Q4. A bullet of mass 6g travelling at speed of 120 m/s penetrates deeply into [3]
a fixed target and is brought to rest in 0.1 s. Calculate the
i) distance of penetration in the target, and
ii) average retarding force exerted on the bullet
Answers
Answer :
➥ The Distance of penetration in the target = 6 m
➥ The force exerted on the bullet is -7200 N
Given :
➤ Mass of a bullet (m) = 6 g
➤ Intial velocity of a bullet (u) = 120 m/s
➤ Final velocity of a bullet (v) = 0 m/s
To Find :
➤ Distance covered by a bullet (s) = ?
➤ Force exerted on a bullet (F) = ?
Required Solution :
✒ To find the Distance penetration in the target and Force exerted on a bullet, first we need to find the acceleration of the a bullet, then after we will find the distance penetration in the target and Force exerted on a bullet.
We can find Acceleration of a bullet by using the first equation of motion which says v = u + at.
Here,
- v is the Final velocity in m/s.
- u is the Intial velocity in m/s.
- a is the Acceleration in m/s².
- t is the time taken in second.
✎ So let's calculate Acceleration (a) !
From first equation of motion
→ v = u + at
→ 0 = 120 + a × 0.1
→ 0 = 120 + 0.1a
→ 0 - 120 = 0.1a
→ -120 = 0.1a
→ -120/0.1 = a
→ -1200 = a
→ a = -1200 m/s²
Now, we have Intial velocity, Final velocity, Time taken and it's Acceleration of a bullet.
- Intial velocity = 120 m/s
- Final velocity = 0 m/s
- Time taken = 0.1 sec
- Acceleration = -1200 m/s²
We can find Distance of a bullet by using the second equation of motion which says s = ut + ½ at².
Here,
- s is the distance travelled in m.
- u is the Intial velocity in m/s.
- a is the Acceleration in m/s².
- t is the time taken in second.
✎ So let's find the Distance of penetration in the target (s) !

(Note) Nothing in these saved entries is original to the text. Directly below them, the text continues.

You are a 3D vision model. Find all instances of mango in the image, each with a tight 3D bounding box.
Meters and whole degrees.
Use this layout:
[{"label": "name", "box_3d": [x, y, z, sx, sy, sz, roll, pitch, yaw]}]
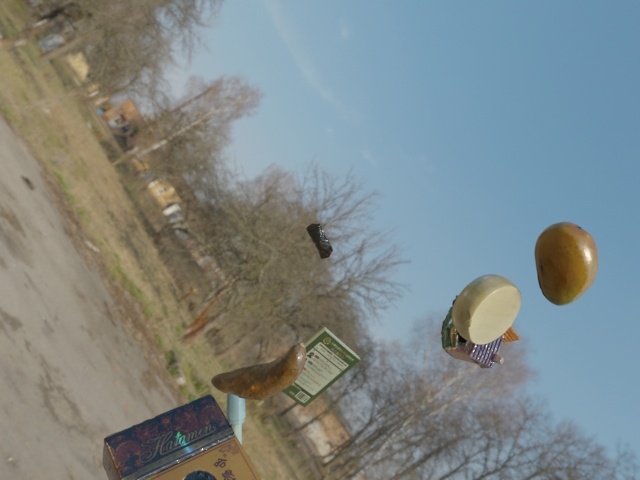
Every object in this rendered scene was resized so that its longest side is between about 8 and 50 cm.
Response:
[{"label": "mango", "box_3d": [0.634, 0.061, 1.426, 0.151, 0.120, 0.221, -4, -80, 40]}]

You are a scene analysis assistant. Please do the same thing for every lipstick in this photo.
[{"label": "lipstick", "box_3d": [-0.300, 0.637, 1.957, 0.068, 0.061, 0.274, 7, -79, 31]}]

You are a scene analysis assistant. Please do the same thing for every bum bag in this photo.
[{"label": "bum bag", "box_3d": [-0.001, 0.000, 1.813, 0.124, 0.057, 0.034, 60, 25, 3]}]

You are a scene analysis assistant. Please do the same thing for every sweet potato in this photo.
[{"label": "sweet potato", "box_3d": [-0.158, 0.376, 1.509, 0.114, 0.341, 0.092, 61, 31, -7]}]

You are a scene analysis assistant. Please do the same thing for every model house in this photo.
[{"label": "model house", "box_3d": [0.639, 0.368, 2.204, 0.237, 0.237, 0.202, 10, -30, 43]}]

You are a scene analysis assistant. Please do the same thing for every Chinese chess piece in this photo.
[{"label": "Chinese chess piece", "box_3d": [0.559, 0.231, 1.870, 0.097, 0.250, 0.251, 43, -18, 48]}]

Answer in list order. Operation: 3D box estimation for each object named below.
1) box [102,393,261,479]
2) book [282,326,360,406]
[{"label": "box", "box_3d": [-0.259, 0.554, 1.159, 0.415, 0.264, 0.116, 52, -42, 30]}, {"label": "book", "box_3d": [-0.021, 0.435, 1.877, 0.202, 0.264, 0.027, 44, 8, -29]}]

From second equation of motion
→ s = ut + ½ at²
→ s = 120 × 0.1 + ½ × (-1200) × 0.1²
→ s = 12 + ½ × (-1200) × 0.01
→ s = 12 + 1 × (-600) × 0.01
→ s = 12 + (-600) × 0.01
→ s = 12 + (-6)
→ s = 12 - 6
→ s = 6 m
║Hence, the Distance of penetration in the target is 6 m.║
We can find the force by using the force formula which says F = ma.
Here,
- F is the force in N.
- m is the mass in g.
- a is the Acceleration in m/s².
✎ So let's find the force exerted on the bullet (F) !
As we know that
→ F = ma
→ F = 6 × (-1200)
→ F = -7200 N
║Hence, the force exerted on the bullet is -7200 N.║